Fractional reserve lending of Bitcoin already exists! https://www.perplexity.ai/search/can-more-bitcoin-be-lent-than-MhuXB6LVR1y70jLkiGIKSw
You hit on why bitcoin will go to tens of millions of $ per bitcoin, First of all, a lot of people here do not believe me when I say bitcoin price will be $1M each within 5 years, and that's not even the top of bitcoin, the price will keep going up Bitcoin will be $10M each within 15 years, and they say impossible, but bitcoin is already 12M/btc in Japanese Yen When bitcoin first came out with a value, 10,000 btc for 2 papajohn pizzas, bitcoin was less than 1 Japanese Yen, today, 1 bitcoin is 12M JPY 10,000 bitcoin back then for $30 worth of pizzas was pricing bitcoin at less than 1 US cent per bitcoin, a month ago 10,000 bitcoin was worth over $1B And people think $1M per bitcoin within 5 years is not possible, come on now, who's delusional, the believers or the non-believers? the mind cannot comprehend how extremely undervalued the best money in the history of the world is ----------- So, let's get back to fractional reserve banking using bitcoin as the collateral asset, the most pristine collateral asset in the world Banks have a major problem, all their assets are fiat assets, and when there's a problem, they just bail out using fiat complexities, think of UK Gilt, think of financial system crises in 2008, think of US banking system crises in 2023 They just create more, or rig the system so there are no sellers, similar to GME short squeeze, only sellers allowed, no buyers allowed, similar to LME, when you win, they change the rules so you lose Banks hold assets that are not very liquid like real estate mortgage backed securities, they know it's junk, but they have to put on their books that it's worth very high, as long as they all hold and not sell, no one panics What they need is bitcoin as collateral asset, re-classify it as currency, they can lend 30 to 1 on its value, $10M/bitcoin, they can can lend $300M against a 1 bitcoin deposit, they will pay you to deposit your 1 bitcoin and borrow $1M against it, you don't pay interest on the loan, they pay you interest, a negative interest rate because they can lend against your bitcoin 30x the value and earn much more than 5% interest they are paying you And no, bitcoin can stay 21M and deflationary, the price will just have to go up very high, problem solved, just like Manhattan real estate was very cheap 100 years ago, today they did not make more Manhattan real estate but the price has skyrocketed and now used as a collateral asset,
This is such a stupid argument that we can't take you seriously for the rest of the post.
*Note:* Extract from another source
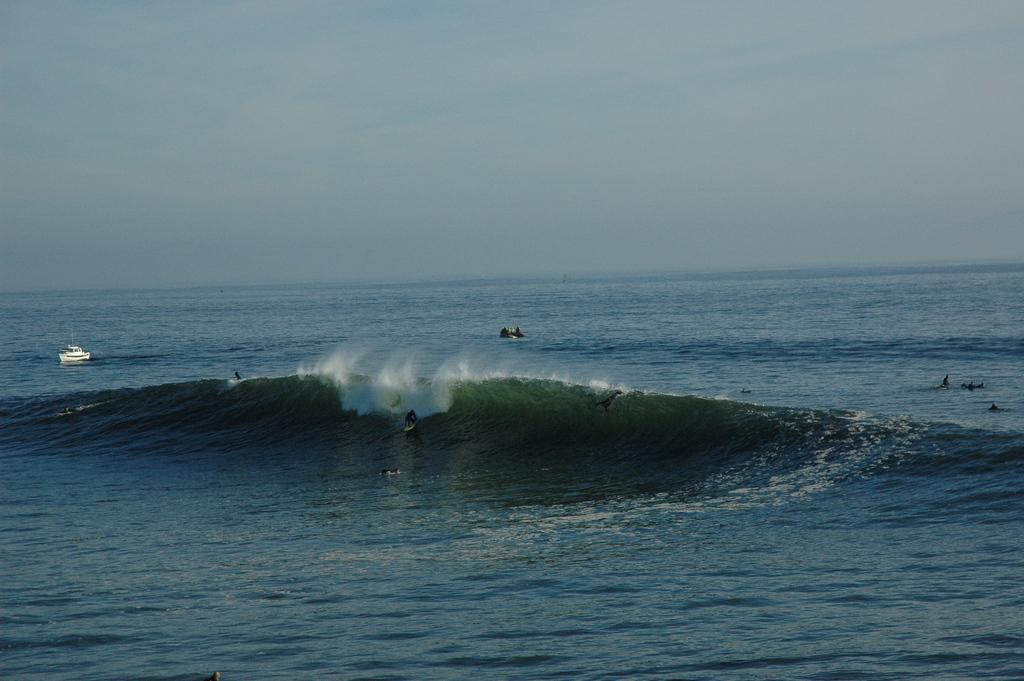What is the main feature of the image? The main feature of the image is water with waves. What are the people in the image doing? The people in the image are surfing on the waves. What other object is present on the water? There is a ship on the water. What is visible at the top of the image? The sky is visible at the top of the image. What type of pets can be seen playing with the waves in the image? There are no pets present in the image; it features people surfing on the waves. What drink is being served on the ship in the image? There is no indication of a drink being served on the ship in the image.

Also bitcoin isn't really money or can't function as such no matter how you classify it. Here is what could happen though: 1. There is a fairly quick run up when price goes vertical and it gains 50-100+%, caused by some kind of unpredictable news. That is going to be be followed by an immediate collapse of 50+% and price never goingclose again to its ATH. Then for years it just keeps getting stuck to the market and moving in tandem with it, and people slowly switching to something else flavour of the month. 2. The opposite of this: Some eventually foreseen but untimable negative news coming out and price drops a decent 30-50% never going to reach the current ATH again. People eventually switch to something else and crypto just lingers around. This scenario is also more likely because we have been due a market crash and whereever the market goes, there goes crypto 2-3 times more. What is NOT gonna happen: price relative slowly but steadily gaining year by year a decent amount and keep going on forever.